Handling performance optimisation for formula vehicle using multi-objectives evolutionary algorithms

Abstract

Listen

Translate article

A method based on constraint multi-objective evolutionary algorithms approach is proposed to optimise the handling performance of a race car dynamic. This involves a software-in-the-loop optimisation (SiLO) between a high-fidelity model of a formula vehicle modelled in VI-Grade and MATLAB for hosting the optimisation algorithms. The optimisation process involves the tuning of the suspension design variables, i.e. spring stiffness, anti-roll bar stiffness, damper coefficient, toe angle, and camber angle for both front and rear suspensions against eight objectives functions, i.e. sideslip overshoot, yaw rate overshoot, linear understeer gradient, limit understeer gradient, maximum lateral acceleration, yaw rate phase delay and lateral acceleration phase delay. A custom constraint function was introduced to improve the convergence speed of the optimisation process.
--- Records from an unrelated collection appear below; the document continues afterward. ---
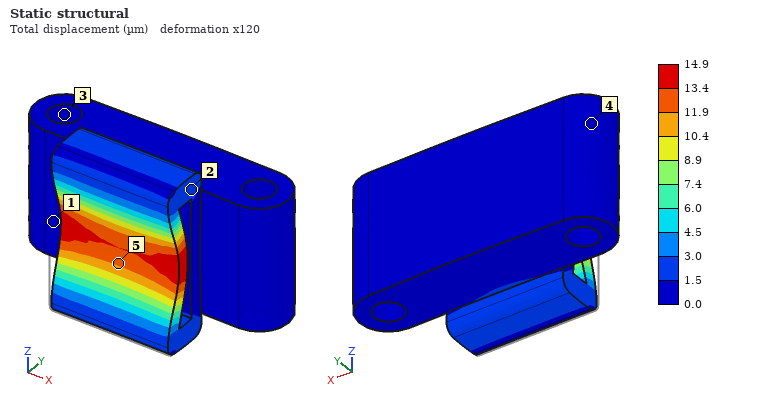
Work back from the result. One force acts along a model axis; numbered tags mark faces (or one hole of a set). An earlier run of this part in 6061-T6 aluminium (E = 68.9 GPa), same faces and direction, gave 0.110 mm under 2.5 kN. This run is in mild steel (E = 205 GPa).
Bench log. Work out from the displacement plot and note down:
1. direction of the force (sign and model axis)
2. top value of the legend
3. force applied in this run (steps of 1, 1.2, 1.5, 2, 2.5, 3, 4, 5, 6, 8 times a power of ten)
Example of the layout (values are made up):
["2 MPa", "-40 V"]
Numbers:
["+Y", "14.9 µm", "1 kN"]
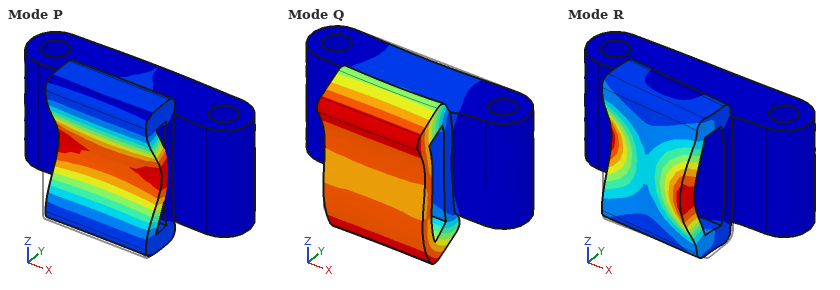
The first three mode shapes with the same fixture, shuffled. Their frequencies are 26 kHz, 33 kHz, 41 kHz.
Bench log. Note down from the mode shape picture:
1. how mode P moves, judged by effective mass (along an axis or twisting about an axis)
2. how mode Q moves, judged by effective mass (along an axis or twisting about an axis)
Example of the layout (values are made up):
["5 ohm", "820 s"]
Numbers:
["along Y", "along Z"]
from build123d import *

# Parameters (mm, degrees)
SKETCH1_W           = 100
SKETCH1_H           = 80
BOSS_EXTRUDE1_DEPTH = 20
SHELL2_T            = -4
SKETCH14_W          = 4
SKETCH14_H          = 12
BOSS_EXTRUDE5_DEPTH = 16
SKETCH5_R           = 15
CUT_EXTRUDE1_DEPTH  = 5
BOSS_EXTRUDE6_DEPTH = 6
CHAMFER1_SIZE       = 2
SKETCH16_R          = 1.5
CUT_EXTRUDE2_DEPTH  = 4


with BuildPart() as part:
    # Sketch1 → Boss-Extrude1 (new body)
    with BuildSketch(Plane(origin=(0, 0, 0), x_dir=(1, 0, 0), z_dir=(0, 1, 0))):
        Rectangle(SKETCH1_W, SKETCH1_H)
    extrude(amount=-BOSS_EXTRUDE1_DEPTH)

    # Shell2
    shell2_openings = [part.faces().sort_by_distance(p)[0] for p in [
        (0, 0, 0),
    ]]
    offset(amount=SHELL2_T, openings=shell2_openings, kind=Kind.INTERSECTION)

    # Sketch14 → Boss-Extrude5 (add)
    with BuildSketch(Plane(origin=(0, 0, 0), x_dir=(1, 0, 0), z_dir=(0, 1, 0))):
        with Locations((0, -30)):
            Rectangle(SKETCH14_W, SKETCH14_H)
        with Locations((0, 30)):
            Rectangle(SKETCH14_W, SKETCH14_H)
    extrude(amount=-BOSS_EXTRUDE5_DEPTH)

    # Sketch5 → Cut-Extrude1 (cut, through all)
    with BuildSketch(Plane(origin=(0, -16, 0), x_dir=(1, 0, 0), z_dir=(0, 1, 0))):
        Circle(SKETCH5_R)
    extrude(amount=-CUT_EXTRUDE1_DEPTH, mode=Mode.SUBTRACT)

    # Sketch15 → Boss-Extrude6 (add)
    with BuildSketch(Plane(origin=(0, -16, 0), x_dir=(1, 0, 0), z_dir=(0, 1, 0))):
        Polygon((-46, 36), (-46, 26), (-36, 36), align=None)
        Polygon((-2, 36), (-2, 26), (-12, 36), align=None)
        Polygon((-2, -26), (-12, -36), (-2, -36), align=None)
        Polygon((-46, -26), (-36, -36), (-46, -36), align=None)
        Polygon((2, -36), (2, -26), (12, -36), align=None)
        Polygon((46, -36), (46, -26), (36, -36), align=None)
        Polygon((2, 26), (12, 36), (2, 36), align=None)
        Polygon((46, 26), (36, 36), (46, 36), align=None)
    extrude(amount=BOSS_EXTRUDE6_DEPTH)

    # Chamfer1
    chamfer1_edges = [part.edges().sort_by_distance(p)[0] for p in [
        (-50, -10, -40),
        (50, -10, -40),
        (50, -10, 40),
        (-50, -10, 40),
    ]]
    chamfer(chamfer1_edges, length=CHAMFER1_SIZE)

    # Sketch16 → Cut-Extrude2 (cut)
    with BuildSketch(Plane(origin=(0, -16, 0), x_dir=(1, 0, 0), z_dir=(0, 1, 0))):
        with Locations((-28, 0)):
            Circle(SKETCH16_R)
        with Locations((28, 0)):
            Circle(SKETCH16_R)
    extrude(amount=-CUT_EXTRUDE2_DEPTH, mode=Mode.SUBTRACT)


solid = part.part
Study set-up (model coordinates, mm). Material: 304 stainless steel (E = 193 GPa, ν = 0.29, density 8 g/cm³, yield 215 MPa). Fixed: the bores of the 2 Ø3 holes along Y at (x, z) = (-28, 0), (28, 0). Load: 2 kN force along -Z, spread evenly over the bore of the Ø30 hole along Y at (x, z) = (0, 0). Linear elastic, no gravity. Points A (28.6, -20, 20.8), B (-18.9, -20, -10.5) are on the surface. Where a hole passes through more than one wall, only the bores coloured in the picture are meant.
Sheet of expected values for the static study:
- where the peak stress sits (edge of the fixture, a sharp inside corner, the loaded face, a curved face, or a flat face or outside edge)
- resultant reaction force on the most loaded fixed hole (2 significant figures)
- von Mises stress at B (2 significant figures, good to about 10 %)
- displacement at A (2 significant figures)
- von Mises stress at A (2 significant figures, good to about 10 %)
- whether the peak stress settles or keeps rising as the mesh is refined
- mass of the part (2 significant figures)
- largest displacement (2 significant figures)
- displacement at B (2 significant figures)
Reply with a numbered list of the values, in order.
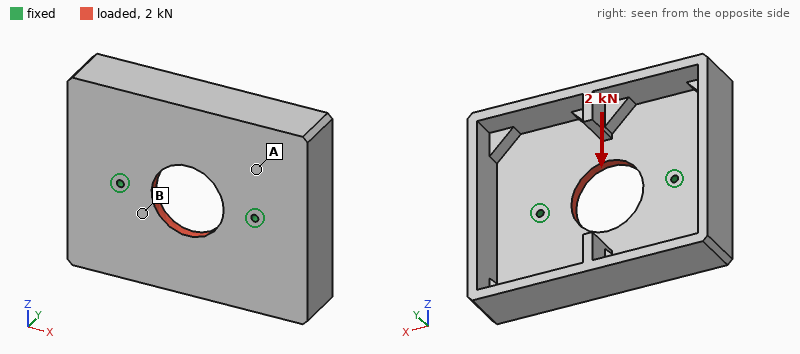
1. edge of the fixture
2. 1.0 kN
3. 7.4 MPa
4. 0.79 µm
5. 3.3 MPa
6. keeps rising
7. 440 g
8. 1.9 µm
9. 1.1 µm
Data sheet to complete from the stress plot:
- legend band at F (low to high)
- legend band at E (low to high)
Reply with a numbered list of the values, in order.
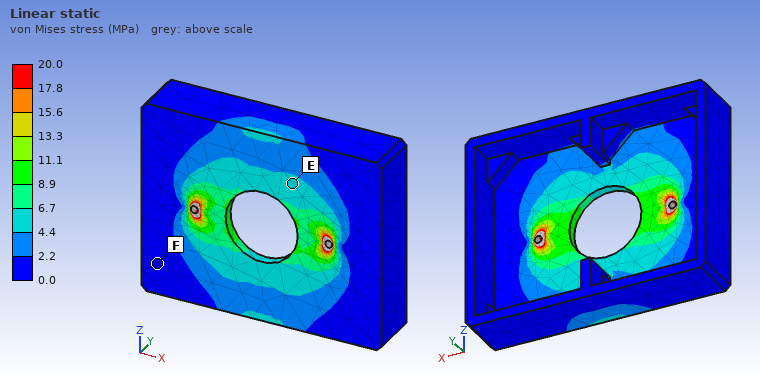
1. 0.0 to 2.2 MPa
2. 4.4 to 6.7 MPa
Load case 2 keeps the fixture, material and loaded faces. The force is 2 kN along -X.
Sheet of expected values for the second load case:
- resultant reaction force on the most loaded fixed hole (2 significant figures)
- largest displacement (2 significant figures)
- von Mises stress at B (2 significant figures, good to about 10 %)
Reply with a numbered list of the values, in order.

1. 1.0 kN
2. 1.7 µm
3. 7.0 MPa
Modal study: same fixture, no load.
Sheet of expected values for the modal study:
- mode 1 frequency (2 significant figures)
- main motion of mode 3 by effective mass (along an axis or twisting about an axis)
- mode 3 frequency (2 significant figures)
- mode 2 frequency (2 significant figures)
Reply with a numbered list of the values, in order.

1. 780 Hz
2. along Y
3. 2100 Hz
4. 1600 Hz

The optimised result showed a promising increase in handling performances, i.e. the maximum achievable lateral acceleration has increased by 8.9% whilst maintaining the stability of the vehicle close to neutral steer behaviour. The sideslip angle was well controlled under 1 deg at 95% of maximum lateral acceleration, and slip angle overshoot has improved by 1.65% in step steer manoeuvre. Additionally, the skid-pad events and autocross event laps time were reduced by 5.19% and 1.71%, respectively.